For more information, or to host the Wybron™ Mobile Showroom, contact Erin Prater, marketing/PR coordinator, at (719) 884.6455 or [email protected].

*UPCOMING DATES:*
View a map of upcoming stops at http://bit.ly/novwybronms.

Nov. 15 — Indianapolis Stage, Indianapolis, IN, 9:30 a.m.-3 p.m.

Nov. 16 — DesignLab, Chicago, IL, 10 a.m.-4 p.m.

Nov. 17 — Grand Stage, Chicago, IL, 10 a.m.-4 p.m.

Nov. 18 — Chicago Spotlight, Chicago, IL, 9:30 a.m.-3 p.m.

Nov. 19 — Clearwing Productions, Milwaukee, WI, 12 p.m.-5 p.m.


----------



## avkid (Nov 2, 2010)

*re: Wybron™ Mobile Showroom - Visuality 2011 Tour *

I viewed the Mobile Showroom at TMB in Carlstadt, NJ several months ago.
The Cygnus was mind blowing.


----------



## Morydd (Nov 3, 2010)

*re: Wybron™ Mobile Showroom - Visuality 2011 Tour *

Dang it. That's tech week.


----------



## WybronSusan (Feb 11, 2011)

*Wybron Mobile Showroom headed to Pacific Northwest in March*



*COLORADO SPRINGS, Colo.—*Wybron's™ new Mobile Light Lab, a 48-foot pop-out-equipped trailer that features all of the company's most crowd-pleasing products, will continue its *Visuality 2011 Tour* in March with events in Northern California, Oregon and Washington.

The Wybron Mobile Light Lab will first head to Fresno, Calif., where it will host events at *Michael Garrison Associates* and *Live Light Inc. *on March 14 and 15 respectively.
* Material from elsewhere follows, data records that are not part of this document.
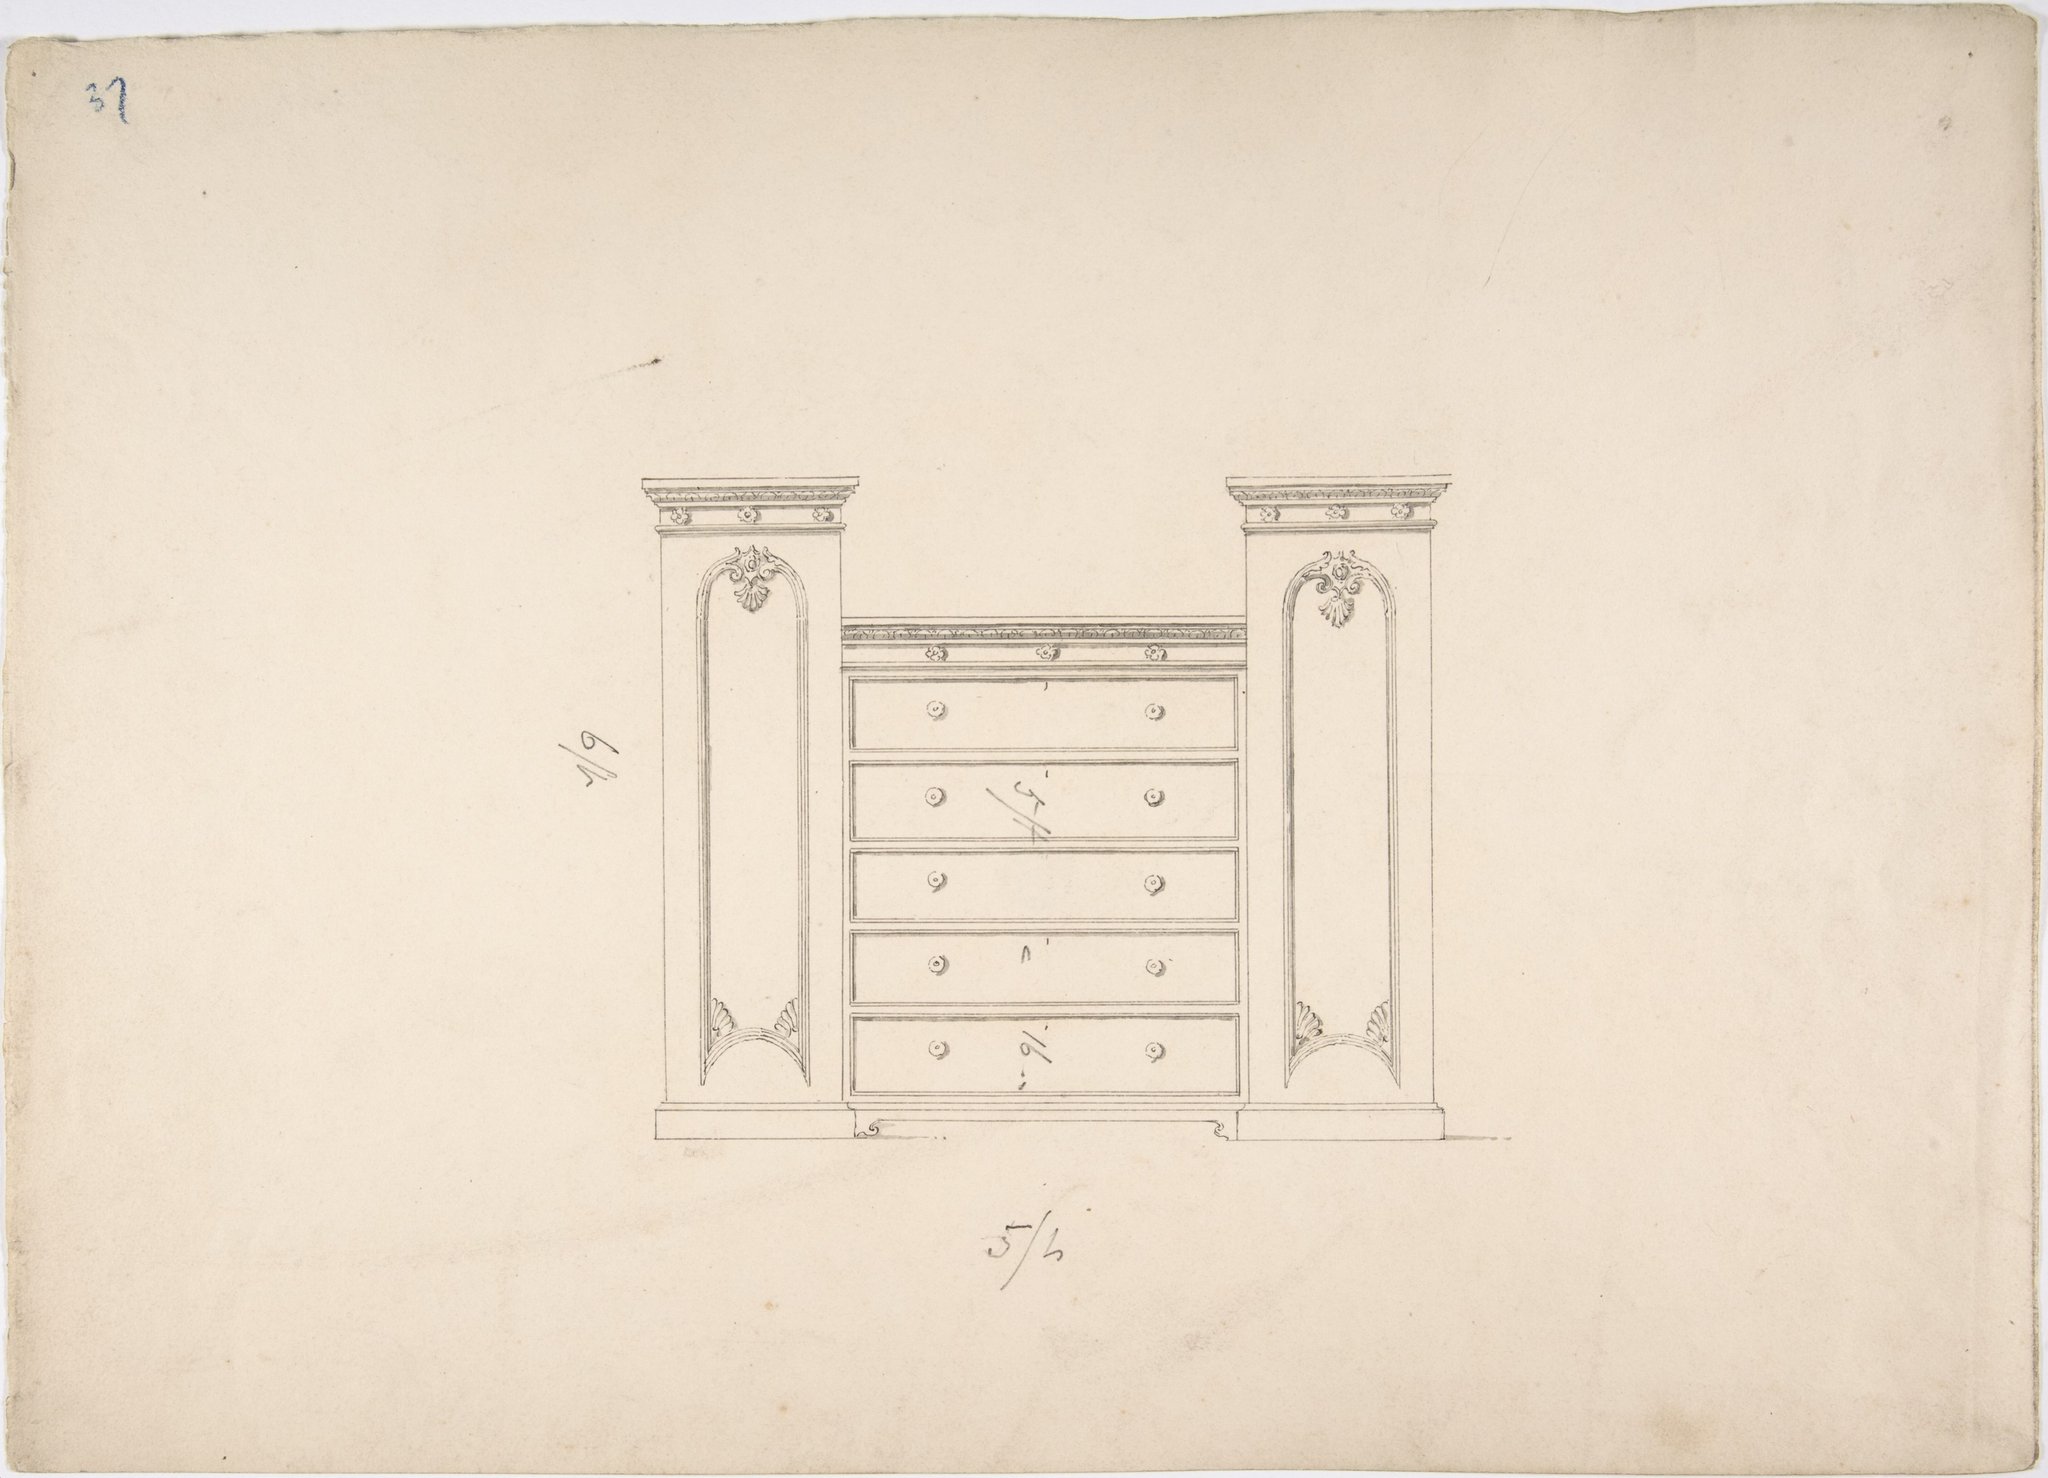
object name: drawing
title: Design for a Cabinet with Central Drawers and Palmeate Ornament
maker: anonymous, british, 19th century
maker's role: artist
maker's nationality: british
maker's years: 1800-1900
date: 1801-1833
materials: ink
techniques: pen
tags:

It will then head to *Musson Theatrical* in Santa Clara, Calif., for a March 16 event and *Holzmueller Productions* in San Francisco, Calif., for a March 17 event. It will wrap up the week on March 18 in beautiful Sacramento, Calif., at *Sacramento Theatrical Lighting.*

The Mobile Light Lab will then head north to Oregon and Washington. Its first event of the second week will be hosted by *Bud's Lites,* a Molalla, Ore., dealer that will hold a March 21 event at Chemeketa Community College in Salem, Ore. Then it's off to Portland, Ore., for a March 22 event at *Stagecraft Portland,* and Seattle, Wash., for a March 23 event at *Hollywood Lights.* The Mobile Light Lab will wrap up the month with a March 24 event in Olympia, Wash., at *CCI Solutions* and a March 25 event at *Stagecraft Seattle* in Seattle, Wash.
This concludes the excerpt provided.